§ **THE INPUT**:
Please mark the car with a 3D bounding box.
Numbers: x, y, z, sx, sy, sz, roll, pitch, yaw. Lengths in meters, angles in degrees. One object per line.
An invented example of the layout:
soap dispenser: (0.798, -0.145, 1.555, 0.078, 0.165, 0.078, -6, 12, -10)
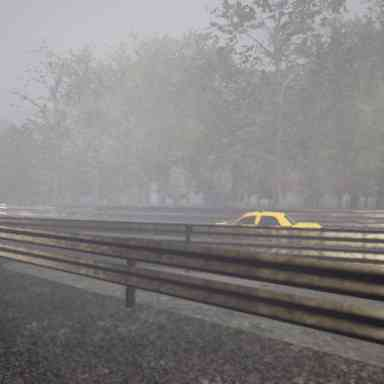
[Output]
car: (2.680, 1.516, 14.124, 5.366, 1.575, 1.801, 0, 0, 22)
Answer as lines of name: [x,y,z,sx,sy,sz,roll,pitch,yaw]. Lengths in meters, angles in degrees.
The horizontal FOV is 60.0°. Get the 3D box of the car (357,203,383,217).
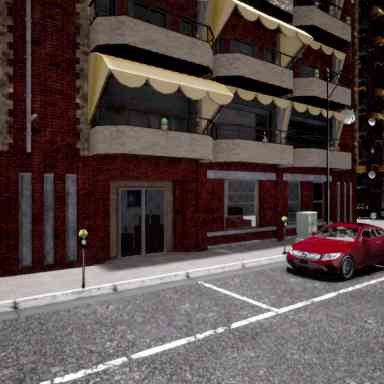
car: [16.329,1.796,31.914,1.837,1.490,4.892,0,-1,-36]

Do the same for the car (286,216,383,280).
car: [4.631,1.582,9.914,4.206,1.307,1.802,0,0,-35]
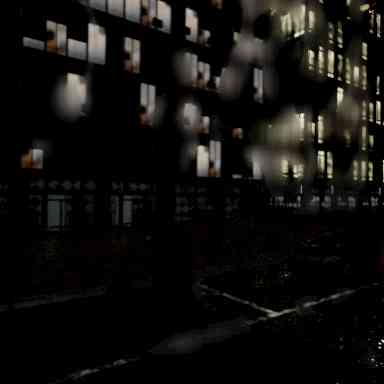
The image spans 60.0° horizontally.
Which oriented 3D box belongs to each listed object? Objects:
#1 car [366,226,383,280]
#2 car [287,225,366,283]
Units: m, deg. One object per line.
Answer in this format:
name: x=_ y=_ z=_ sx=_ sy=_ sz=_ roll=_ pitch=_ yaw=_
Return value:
car: x=6.893 y=1.310 z=8.280 sx=5.566 sy=2.045 sz=2.150 roll=1 pitch=0 yaw=-35
car: x=4.643 y=1.662 z=9.856 sx=4.206 sy=1.307 sz=1.802 roll=1 pitch=0 yaw=-35
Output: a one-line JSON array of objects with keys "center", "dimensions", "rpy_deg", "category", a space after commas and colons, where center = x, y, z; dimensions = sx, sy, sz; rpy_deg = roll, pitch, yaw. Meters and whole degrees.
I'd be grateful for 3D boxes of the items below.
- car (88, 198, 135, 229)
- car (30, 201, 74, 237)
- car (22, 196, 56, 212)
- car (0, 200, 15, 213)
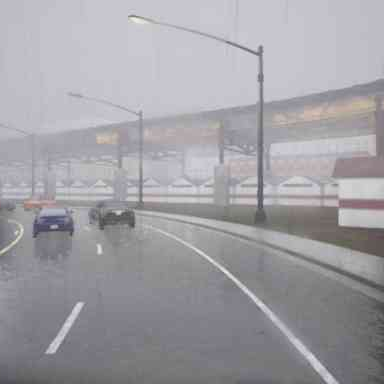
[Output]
[{"center": [-5.124, 1.239, 20.826], "dimensions": [2.097, 1.767, 4.553], "rpy_deg": [0, 0, -26], "category": "car"}, {"center": [-7.263, 1.430, 17.424], "dimensions": [1.812, 1.442, 4.674], "rpy_deg": [0, 0, -23], "category": "car"}, {"center": [-15.592, 1.165, 34.124], "dimensions": [4.553, 1.767, 2.097], "rpy_deg": [0, 0, 42], "category": "car"}, {"center": [-19.525, 1.416, 33.002], "dimensions": [4.718, 1.301, 1.895], "rpy_deg": [0, 0, 38], "category": "car"}]
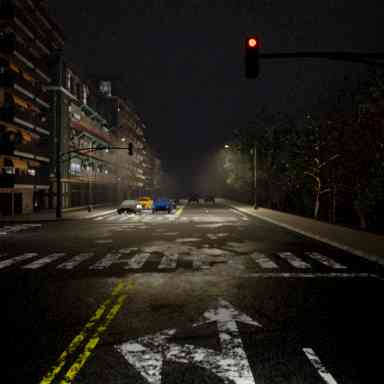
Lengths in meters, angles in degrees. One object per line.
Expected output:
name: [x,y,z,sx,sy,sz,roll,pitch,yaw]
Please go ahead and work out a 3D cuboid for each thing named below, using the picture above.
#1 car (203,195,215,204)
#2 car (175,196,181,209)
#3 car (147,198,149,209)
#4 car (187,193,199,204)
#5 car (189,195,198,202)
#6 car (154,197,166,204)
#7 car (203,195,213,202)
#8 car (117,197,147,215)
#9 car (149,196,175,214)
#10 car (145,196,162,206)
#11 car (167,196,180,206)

§ **WHAT THE TASK ASKS**: Going through the listing above line by line, tally those containing "angles" and state only the total.

§ **RESULT FOR THIS TASK**: 3